Databricks Acquires Tabular With Eye Towards Lakehouse Compatibility
- By Paul Mah
- June 05, 2024
Databricks today announced that it has agreed to acquire Tabular, a data management company. Tabular was founded by the original creators of Apache Iceberg, which Databricks hopes to build data compatibility with over time.
With the move, Databricks intends to work closely with the Delta Lake and Iceberg communities to bring format compatibility to the lakehouse. This will be achieved in the short term inside its own Delta Lake UniForm feature. In the long term, it hopes to work with Tabular to evolve toward a single, open, and common standard of interoperability for an open lakehouse.
The Lakehouse architecture
Databricks pioneered the lakehouse architecture in 2020 to enable the integration of traditional data warehousing workloads with AI workloads on a single, governed copy of data. We wrote about the lakehouse architecture previously, which seeks to maximize enterprise productivity by democratizing access to data.
The idea is to offer an open format so different workloads, applications, and engines can access the same data, unlike proprietary data warehouses where only a proprietary SQL engine can read, write, or share the data. For the latter, data must typically be copied and exported to be used by other applications, creating a high degree of vendor lock-in.
The foundation of the lakehouse is open-source data formats that enable ACID transactions on data stored in object storage. These formats have dramatically improved the reliability and performance of data operations on the data lake and were specifically designed for open-source engines such as Apache Spark, Trino, and Presto.
Databricks says that 74% of enterprises have now deployed a lakehouse architecture, four years after its launch. Databricks worked with the Linux Foundation to create the Delta Lake project. Since its inception, Delta Lake has had over 500 code contributors from a diverse set of organizations, and over 10,000 companies globally use Delta Lake today.
Towards interoperability
Ryan Blue and Daniel Weeks of Tabular originally developed the Iceberg project at Netflix and donated it to the Apache Software Foundation. Since then, Delta Lake and Iceberg have emerged as the two leading open-source standards for lakehouse formats.
However, even though both of these formats are based on Apache Parquet, they have became incompatible due to independent development. Databricks says it will work closely with the Delta Lake and Iceberg communities to bring interoperability to the formats over time.

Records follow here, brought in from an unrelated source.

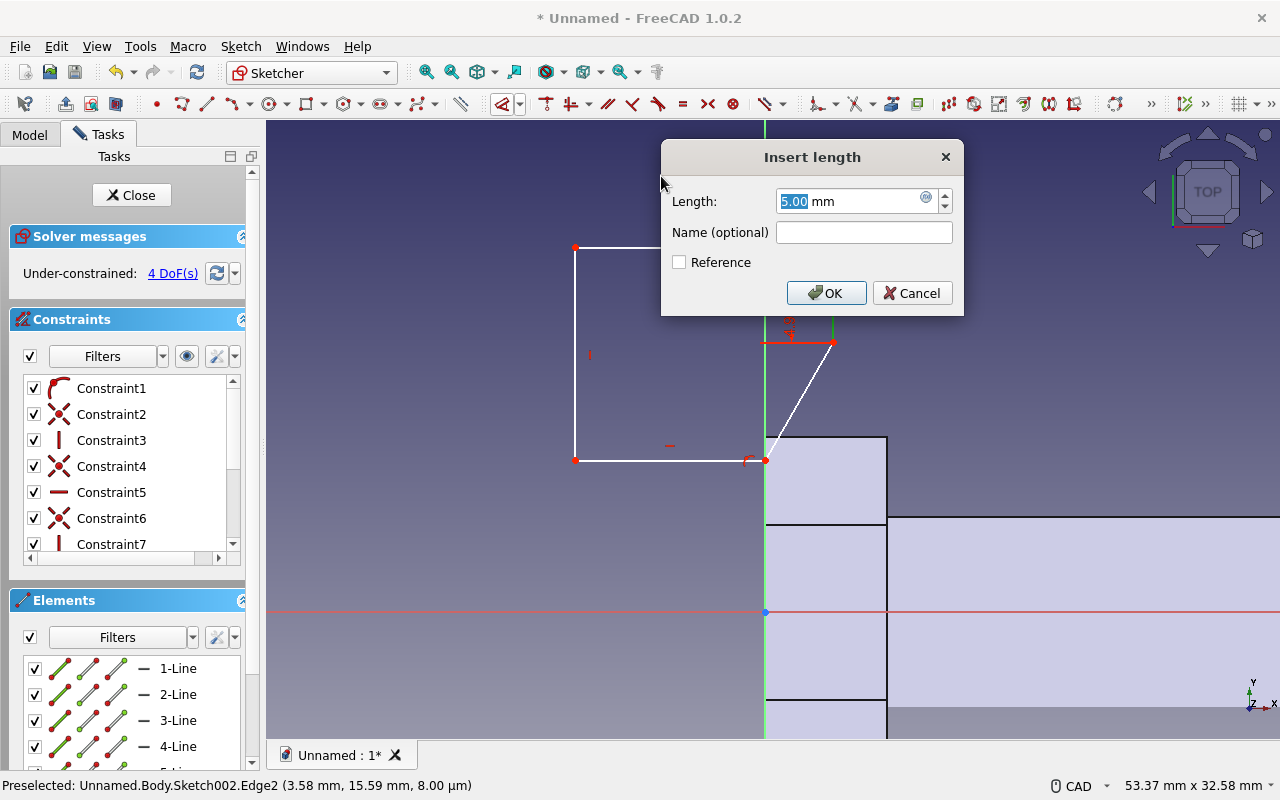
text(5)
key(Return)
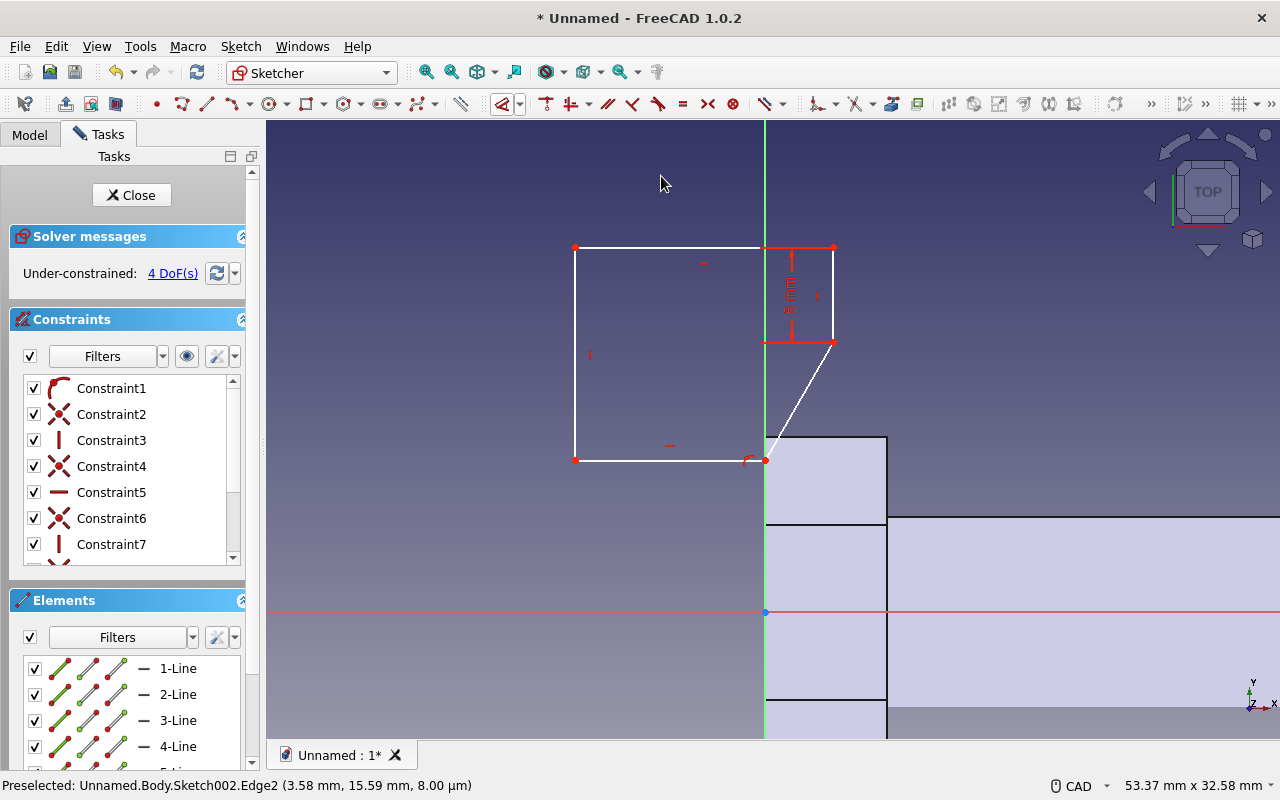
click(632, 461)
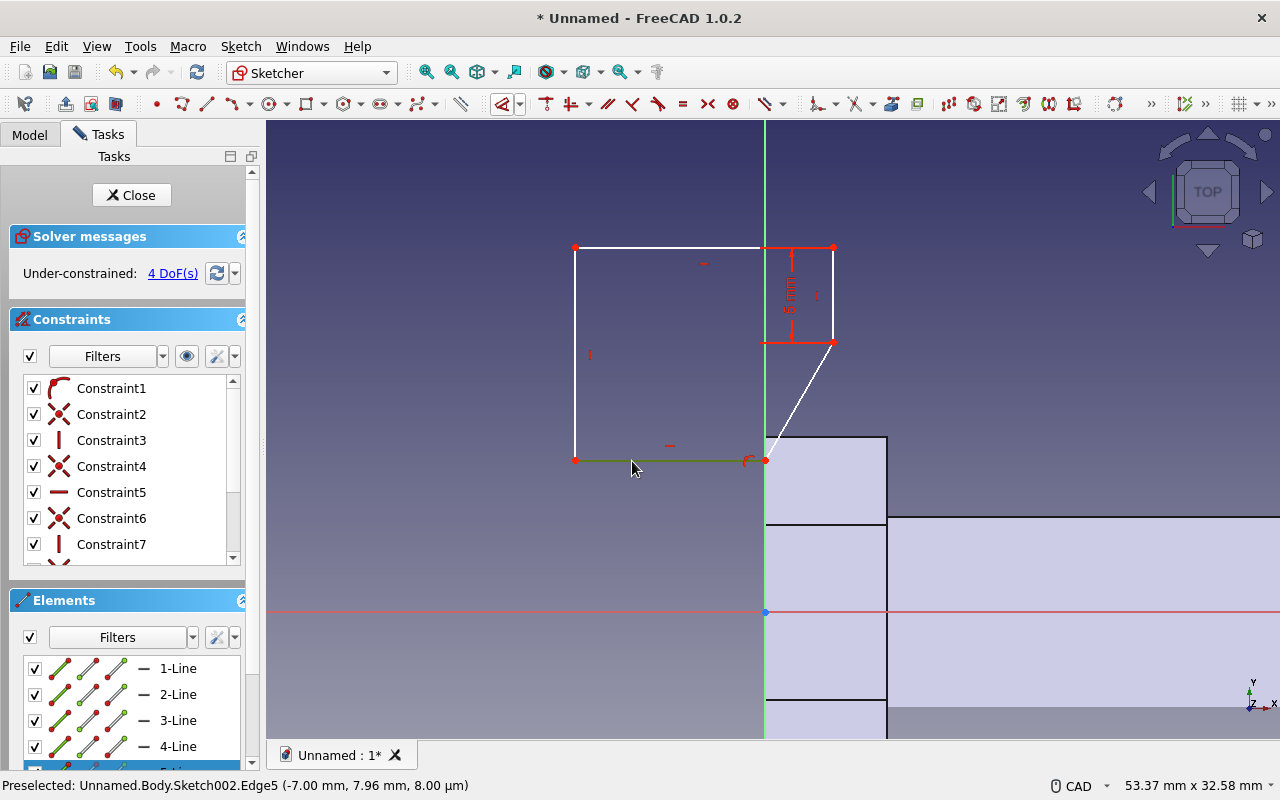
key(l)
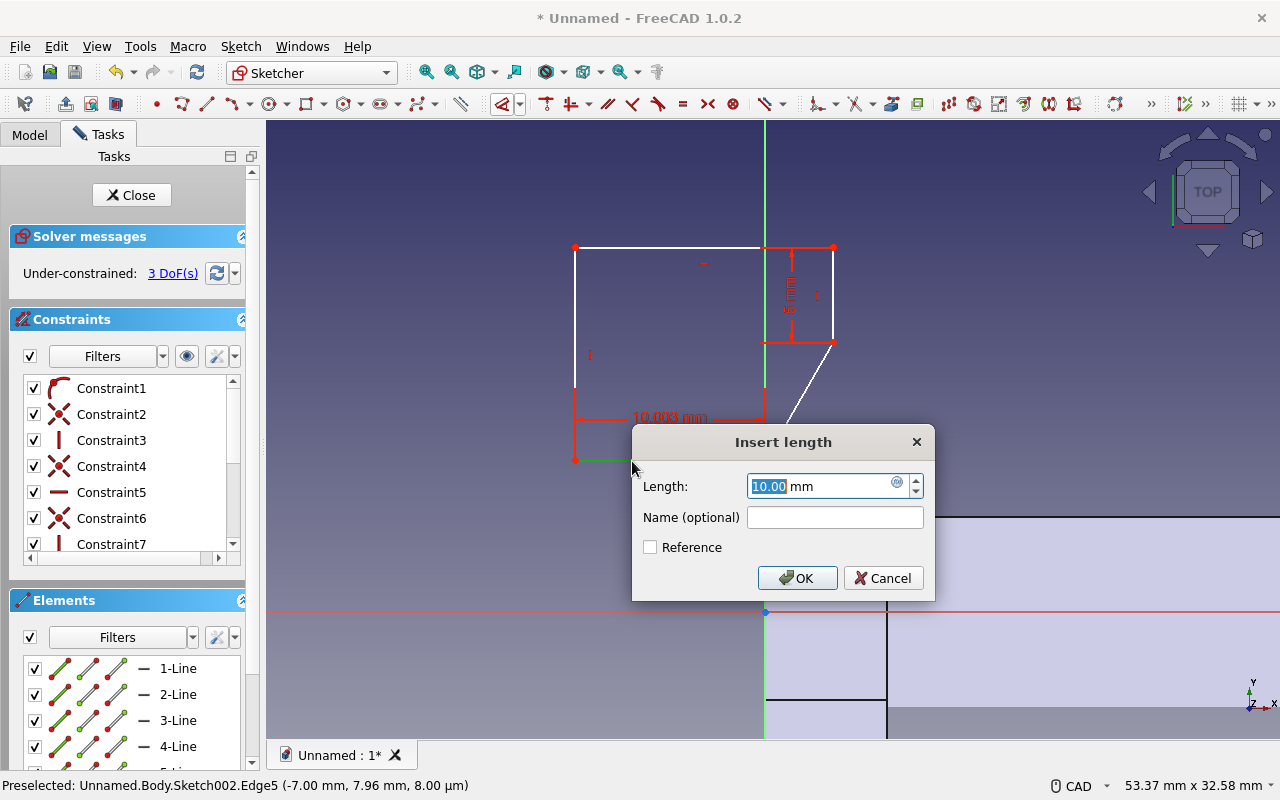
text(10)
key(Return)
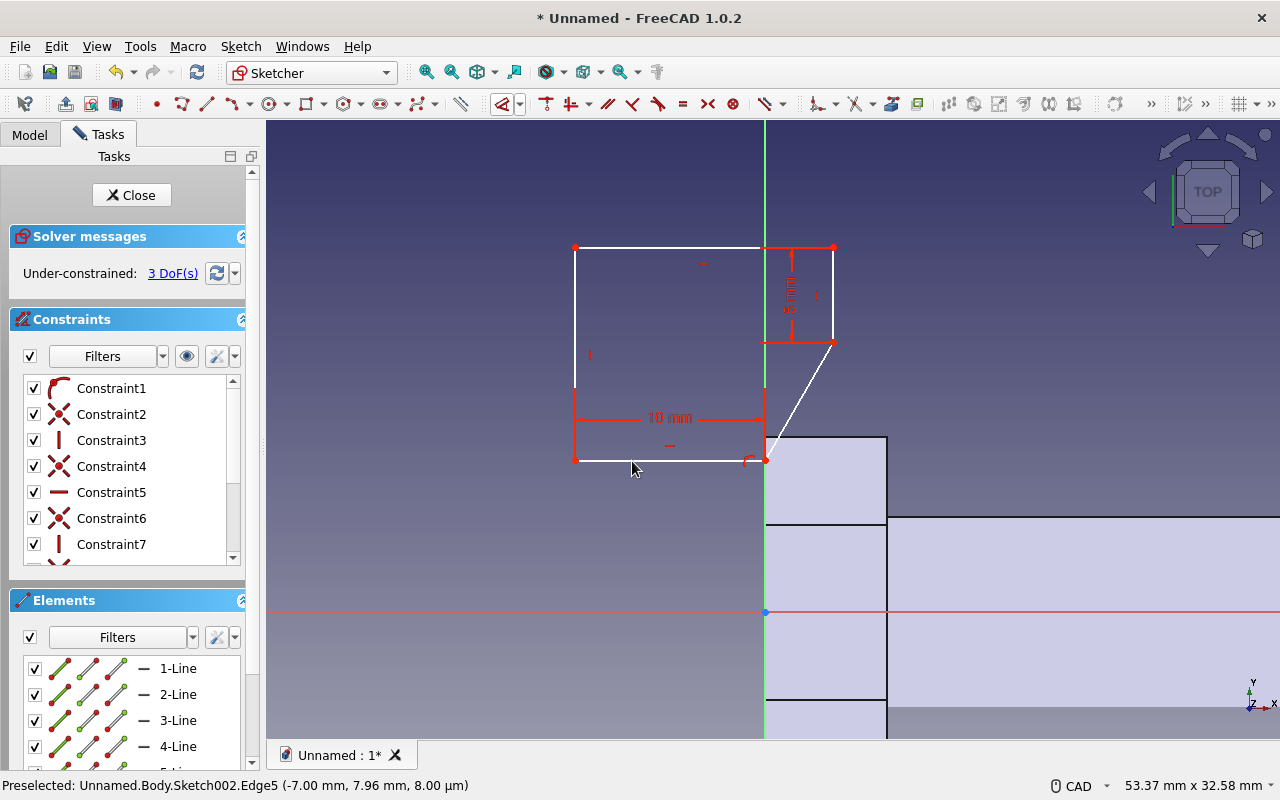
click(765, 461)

“Databricks pioneered the lakehouse and over the past four years, the world has embraced the lakehouse architecture, combining the best of data warehouses and data lakes to help customers decrease TCO, embrace openness, and deliver on AI projects faster,” said Ali Ghodsi, co-founder and CEO of Databricks.
“Unfortunately, the lakehouse paradigm has been split between the two most popular formats: Delta Lake and Iceberg. Databricks and Tabular will work with the open-source community to bring the two formats closer to each other over time, increasing openness, and reducing silos and friction for customers,” said Ghodsi.
Interoperability will allow companies to fully realize the benefits of the lakehouse, according to Databricks.
The proposed acquisition is subject to customary closing conditions and is expected to close in Databricks’ second fiscal quarter.
Image credit: iStock/popba
Paul Mah
Paul Mah is the editor of DSAITrends, where he report on the latest developments in data science and AI. A former system administrator, programmer, and IT lecturer, he enjoys writing both code and prose.